Each record below should be output verbatim, without pictures.

Start of SUPPLIED INFORMATION

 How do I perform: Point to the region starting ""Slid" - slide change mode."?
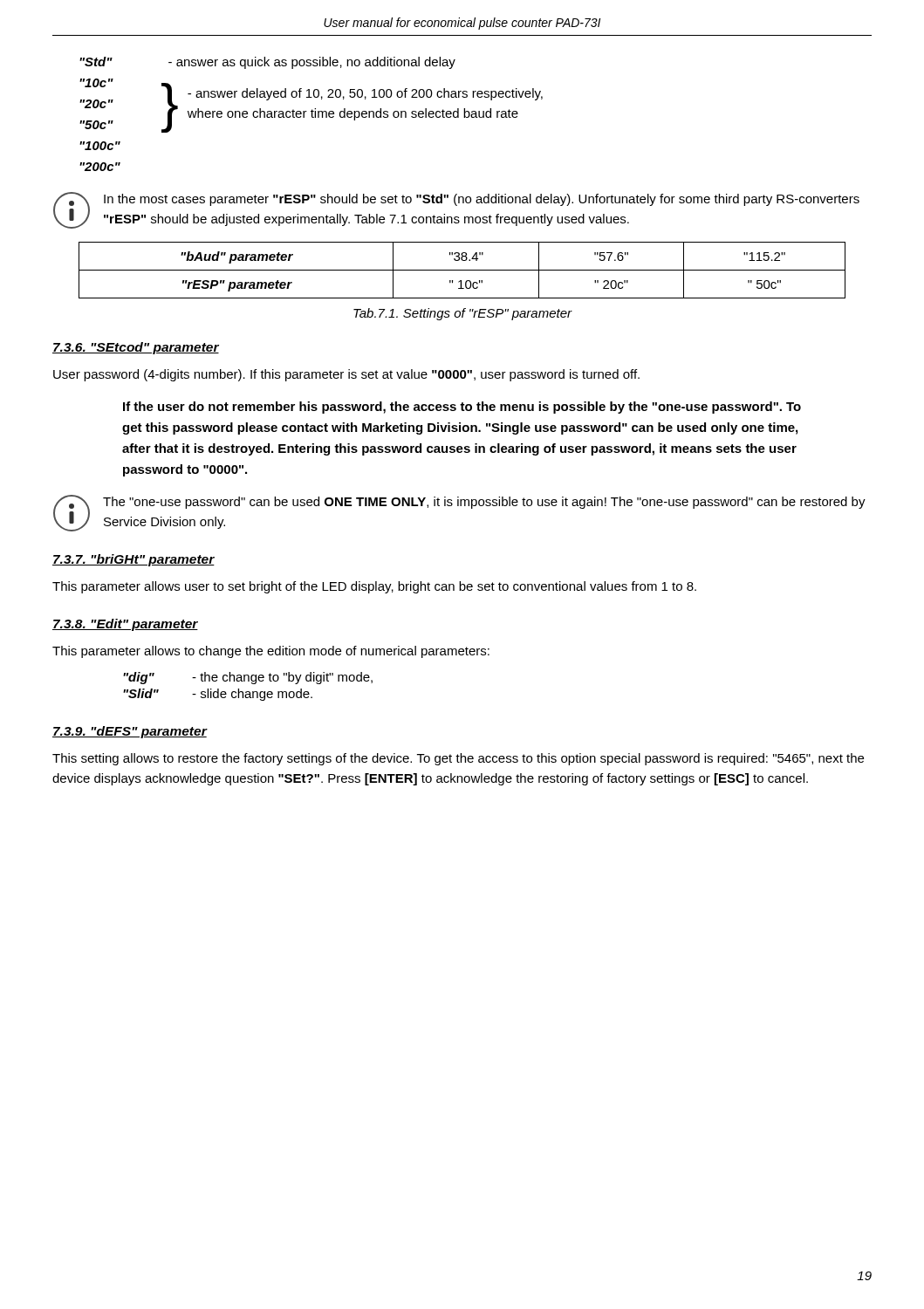pyautogui.click(x=218, y=695)
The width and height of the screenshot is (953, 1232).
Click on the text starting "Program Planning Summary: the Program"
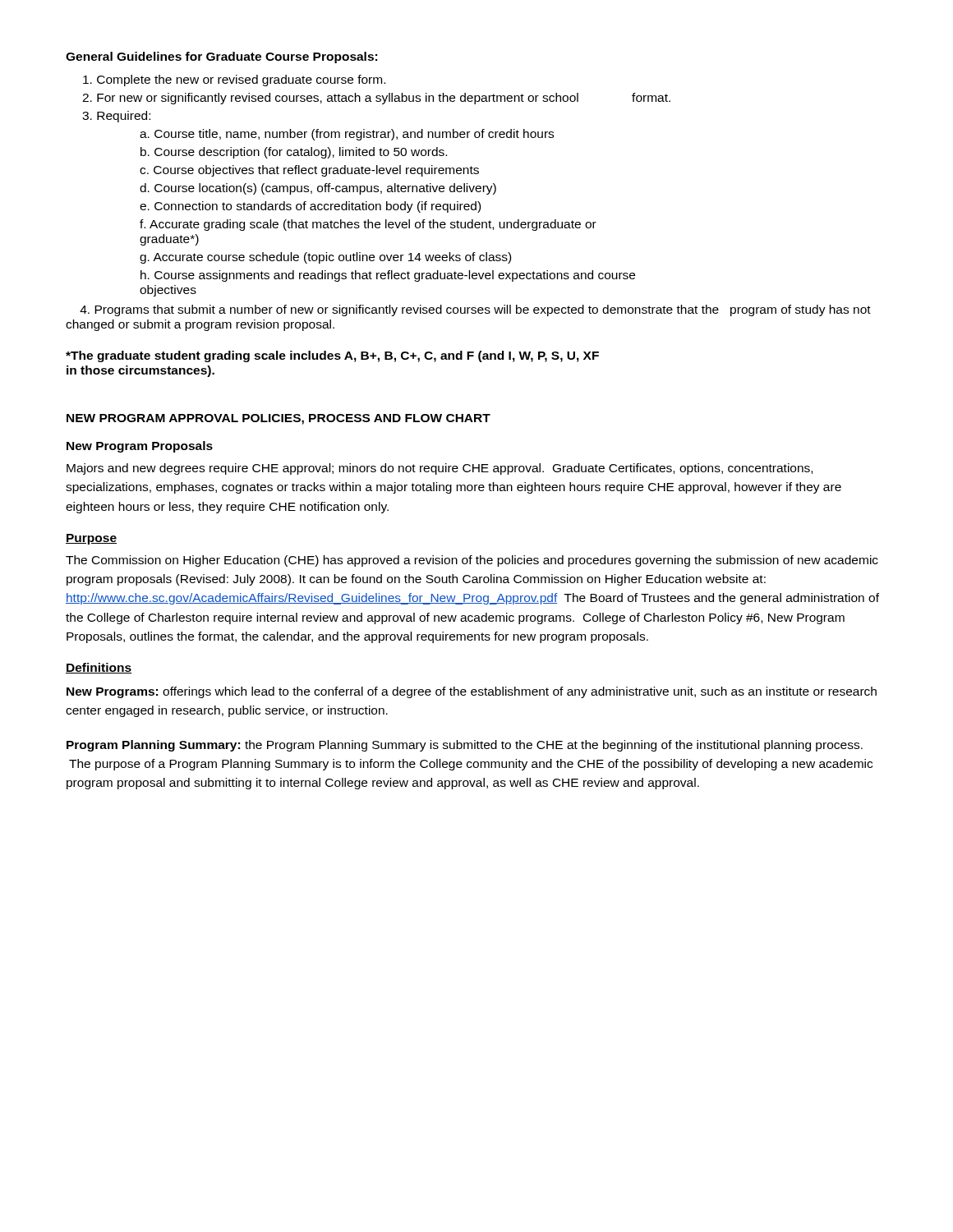coord(469,763)
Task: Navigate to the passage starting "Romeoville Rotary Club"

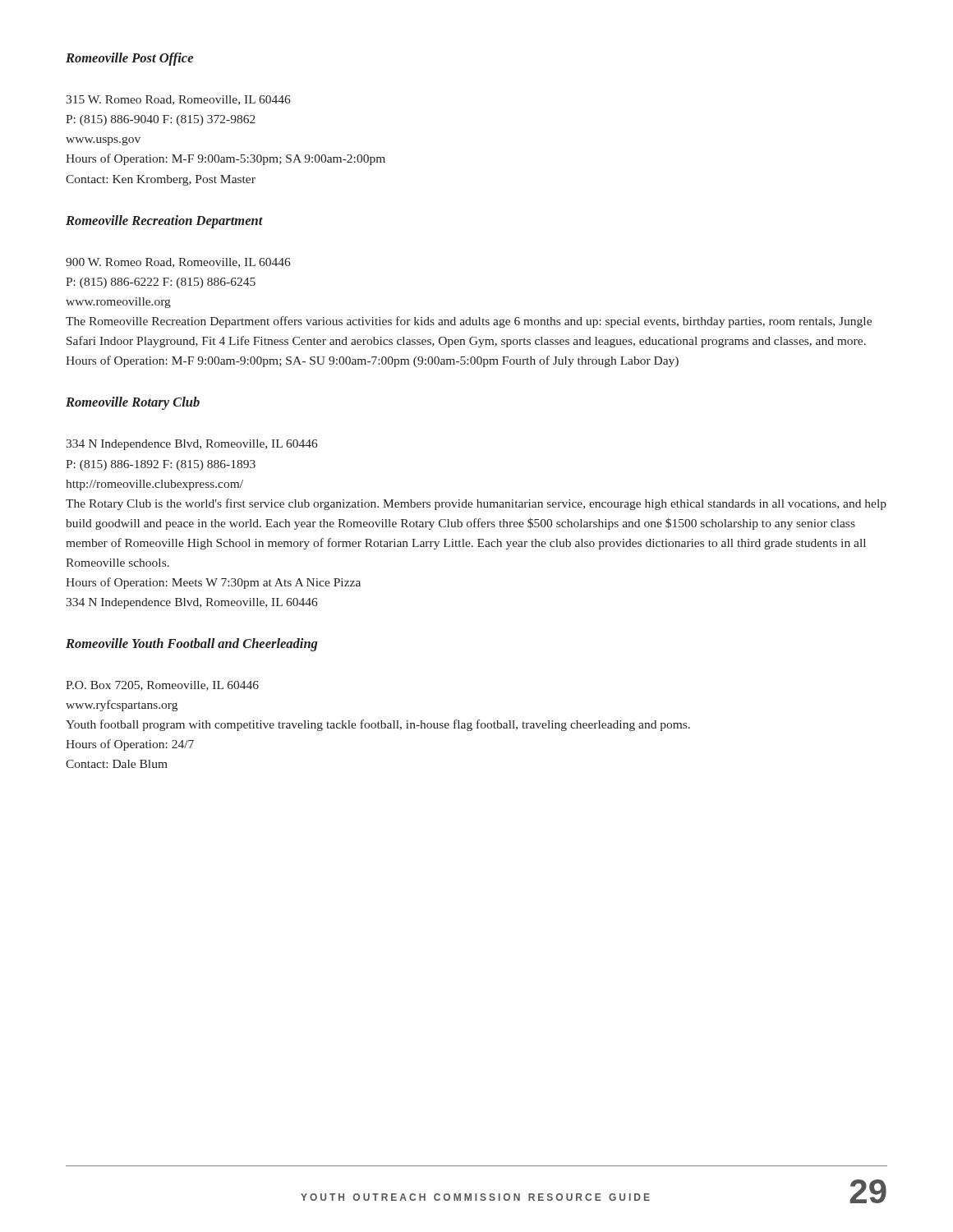Action: coord(133,403)
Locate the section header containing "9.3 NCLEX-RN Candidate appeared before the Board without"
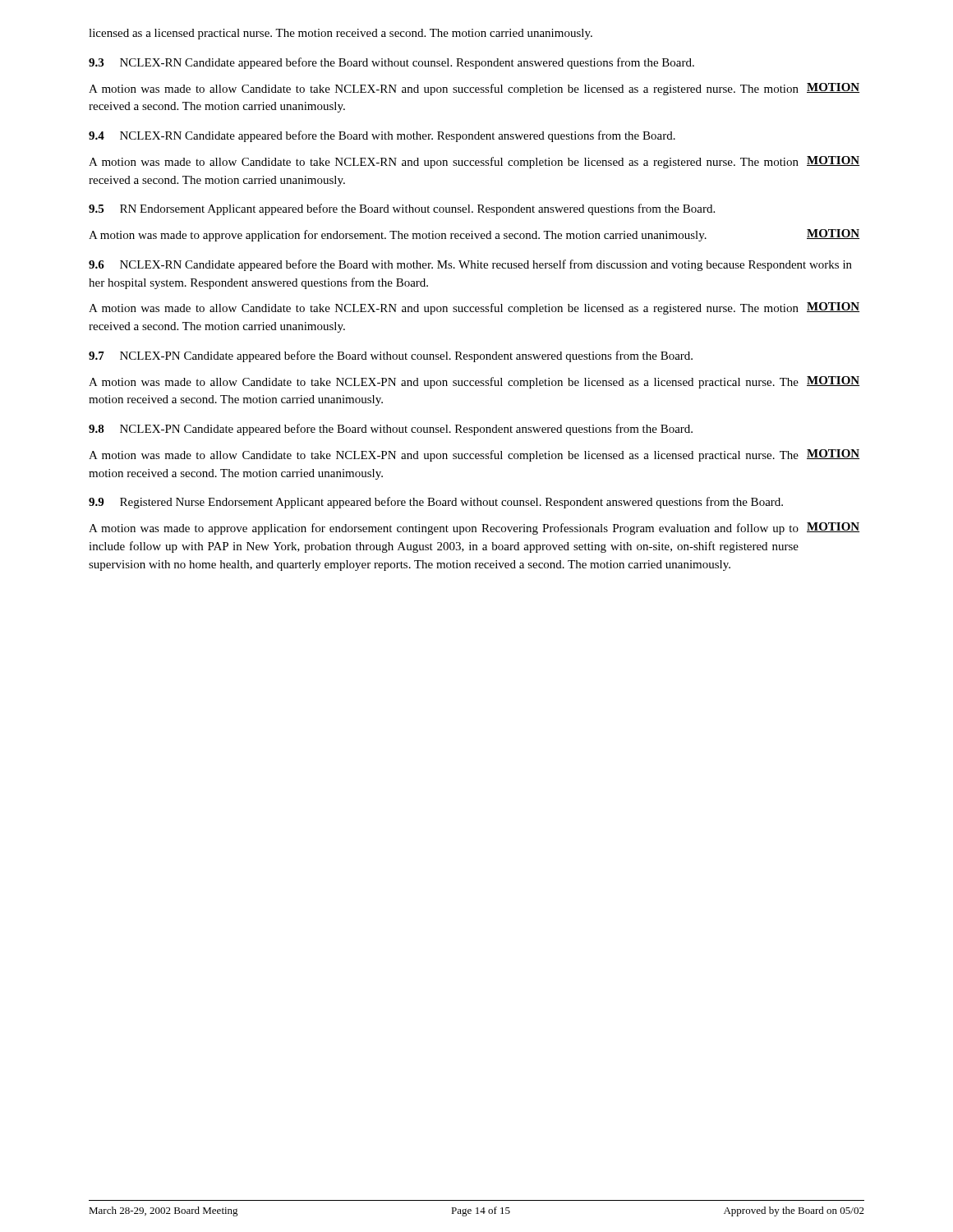This screenshot has height=1232, width=953. click(392, 62)
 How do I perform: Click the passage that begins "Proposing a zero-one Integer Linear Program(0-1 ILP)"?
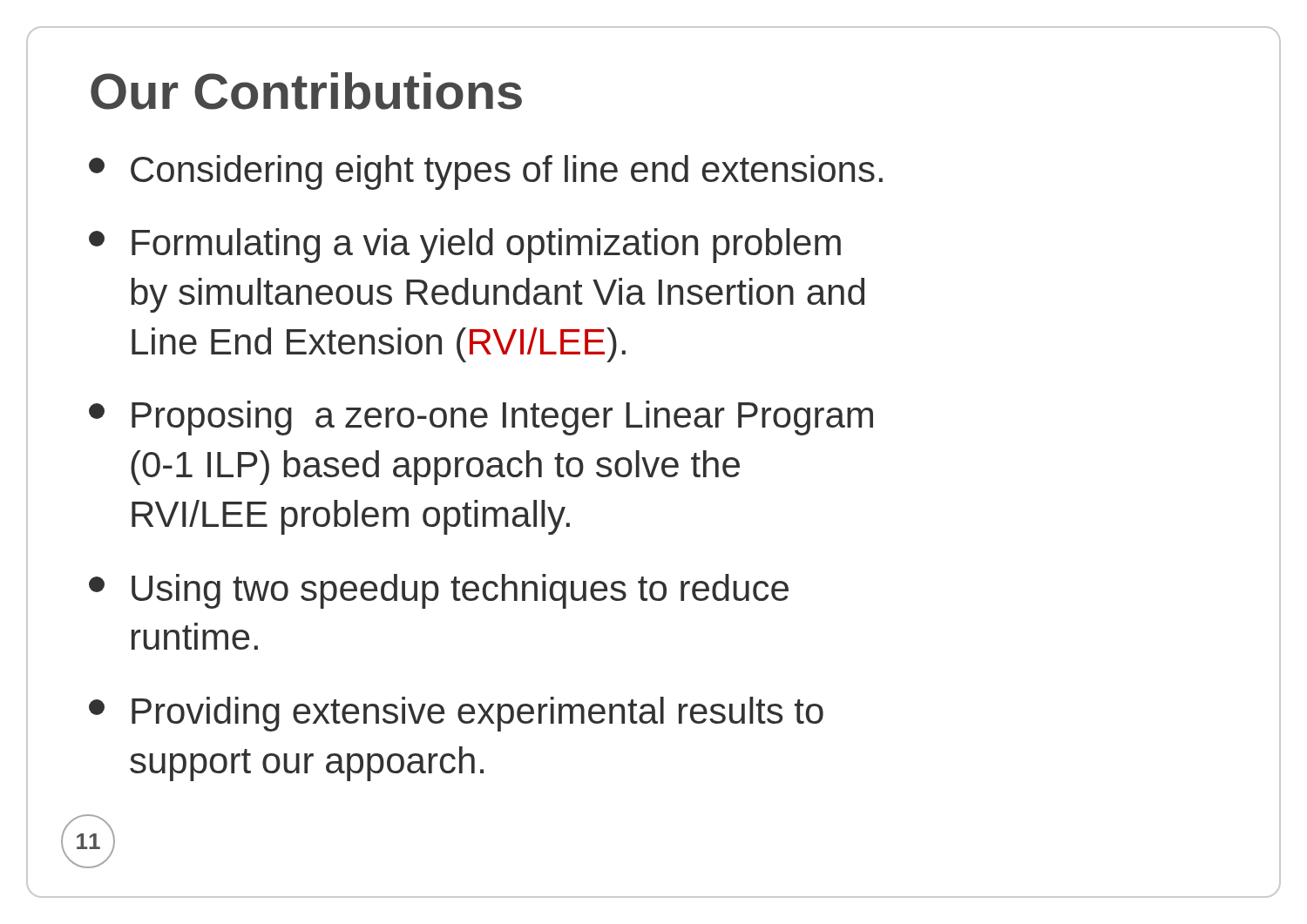click(x=654, y=465)
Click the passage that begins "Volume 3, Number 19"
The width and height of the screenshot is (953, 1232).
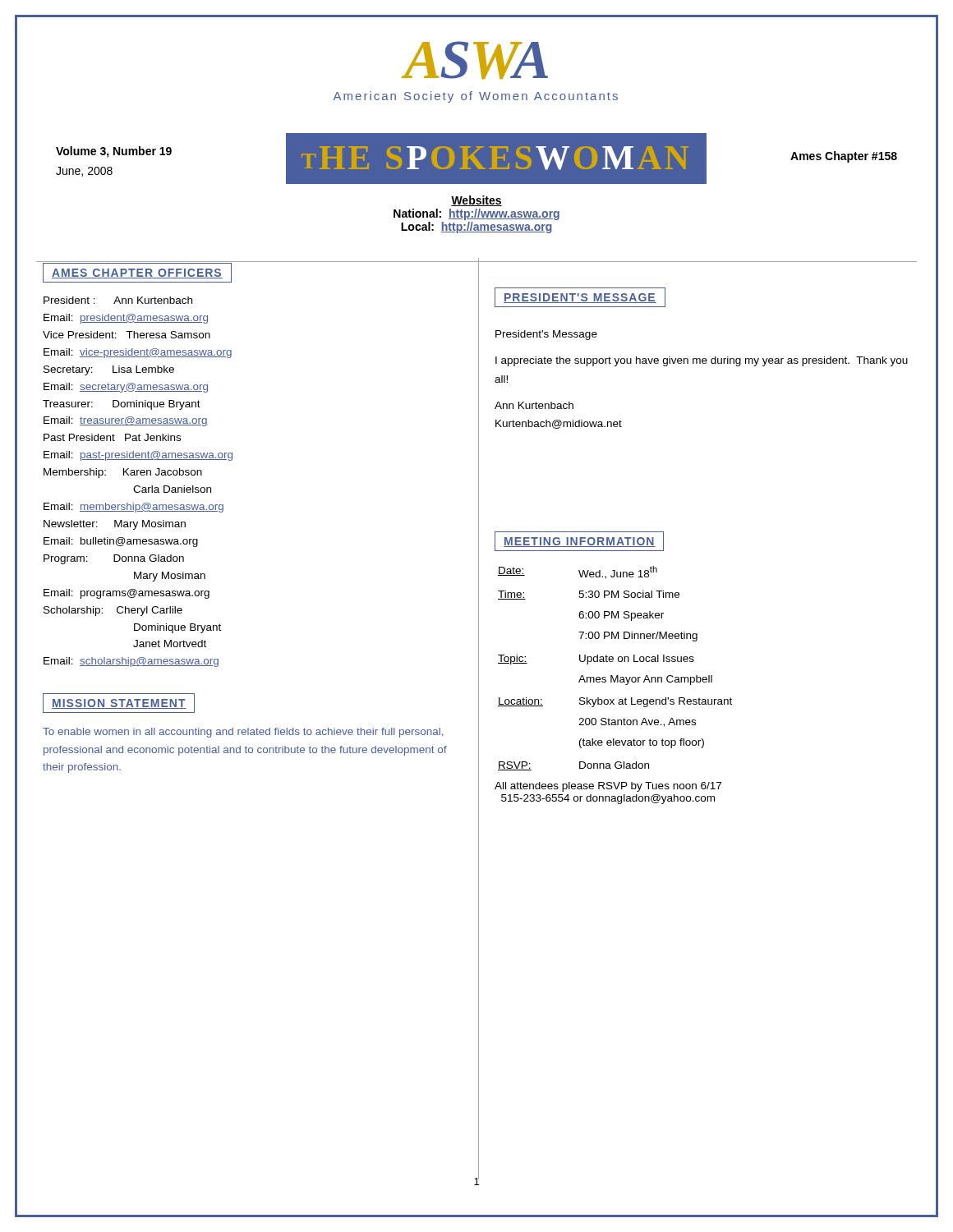[x=114, y=161]
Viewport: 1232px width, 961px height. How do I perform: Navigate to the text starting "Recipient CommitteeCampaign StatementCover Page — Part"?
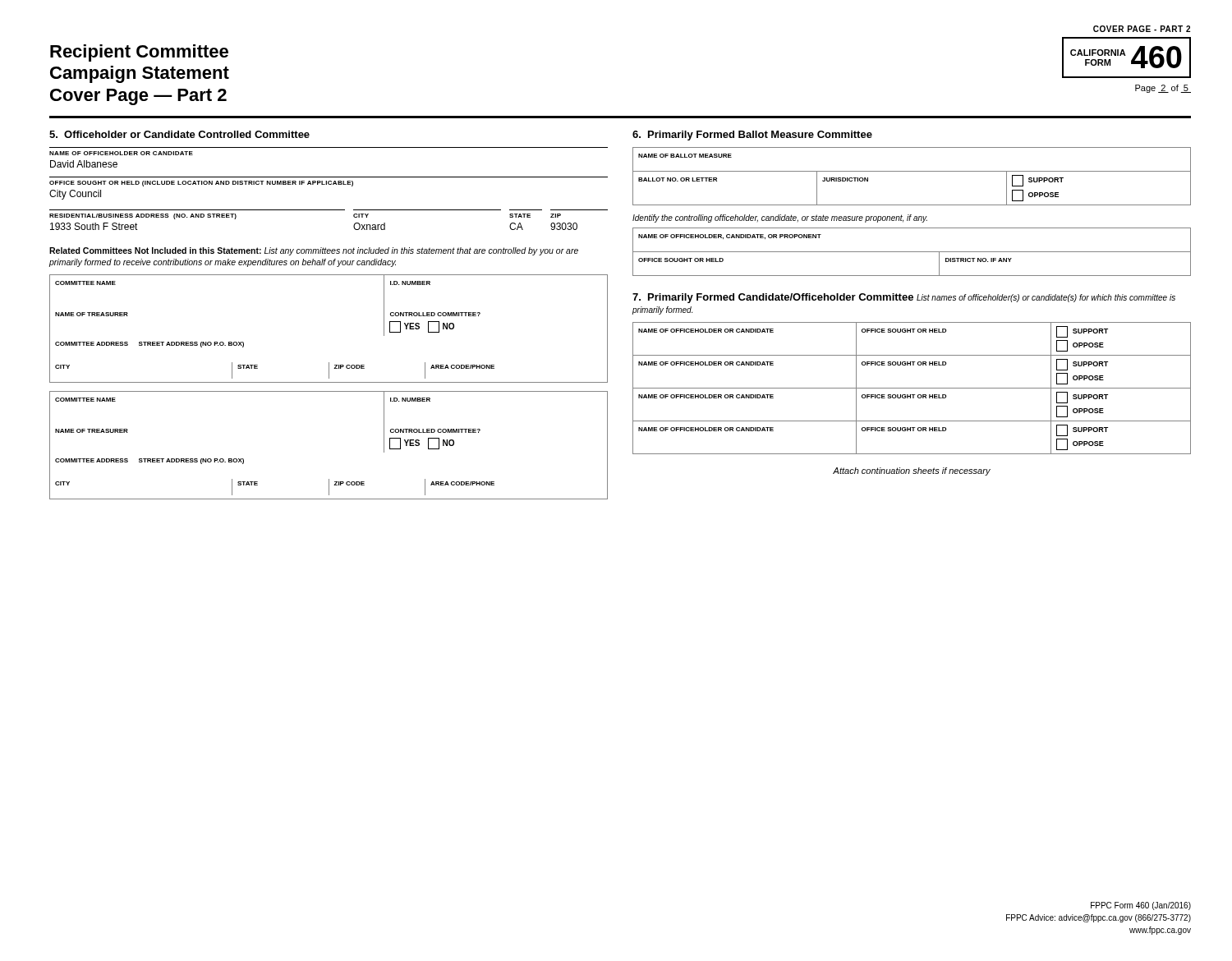tap(139, 74)
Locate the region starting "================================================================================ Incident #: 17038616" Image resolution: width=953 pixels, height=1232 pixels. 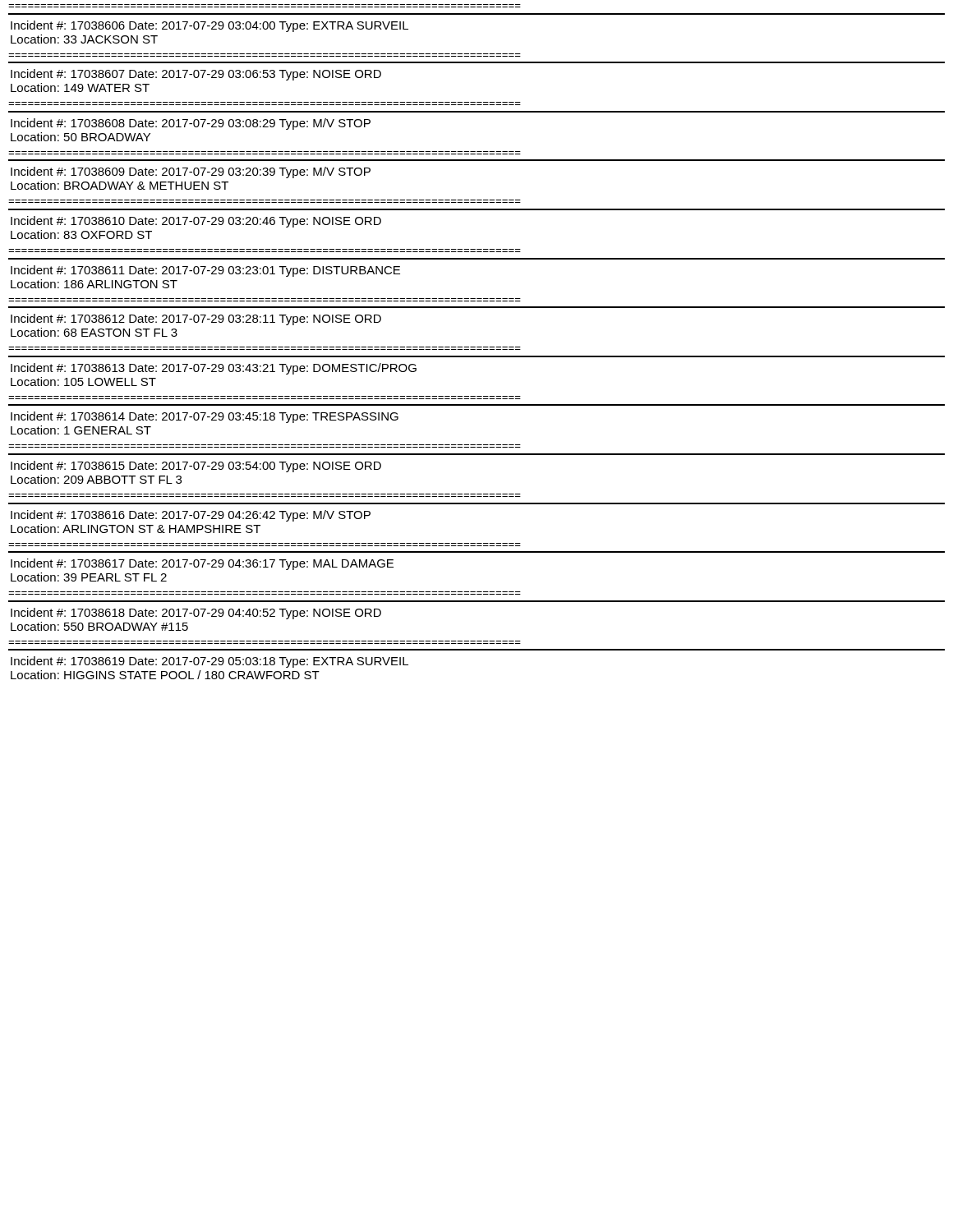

End of SUPPLIED INFORMATION

**EXERCISE ANSWER:**
 How do I perform: Point to the region starting ""Slid" - slide change mode."?
pyautogui.click(x=218, y=695)
The width and height of the screenshot is (953, 1232).
Click on the text starting "Program Planning Summary: the Program"
coord(469,763)
Task: Navigate to the passage starting "Romeoville Rotary Club"

Action: coord(133,403)
Locate the section header containing "9.3 NCLEX-RN Candidate appeared before the Board without"
This screenshot has height=1232, width=953. click(392, 62)
 How do I perform: Click the passage that begins "Proposing a zero-one Integer Linear Program(0-1 ILP)"?
click(x=654, y=465)
Click the passage that begins "Volume 3, Number 19"
The width and height of the screenshot is (953, 1232).
[x=114, y=161]
Viewport: 1232px width, 961px height. How do I perform: Navigate to the text starting "Recipient CommitteeCampaign StatementCover Page — Part"?
tap(139, 74)
Locate the region starting "================================================================================ Incident #: 17038616" Image resolution: width=953 pixels, height=1232 pixels. 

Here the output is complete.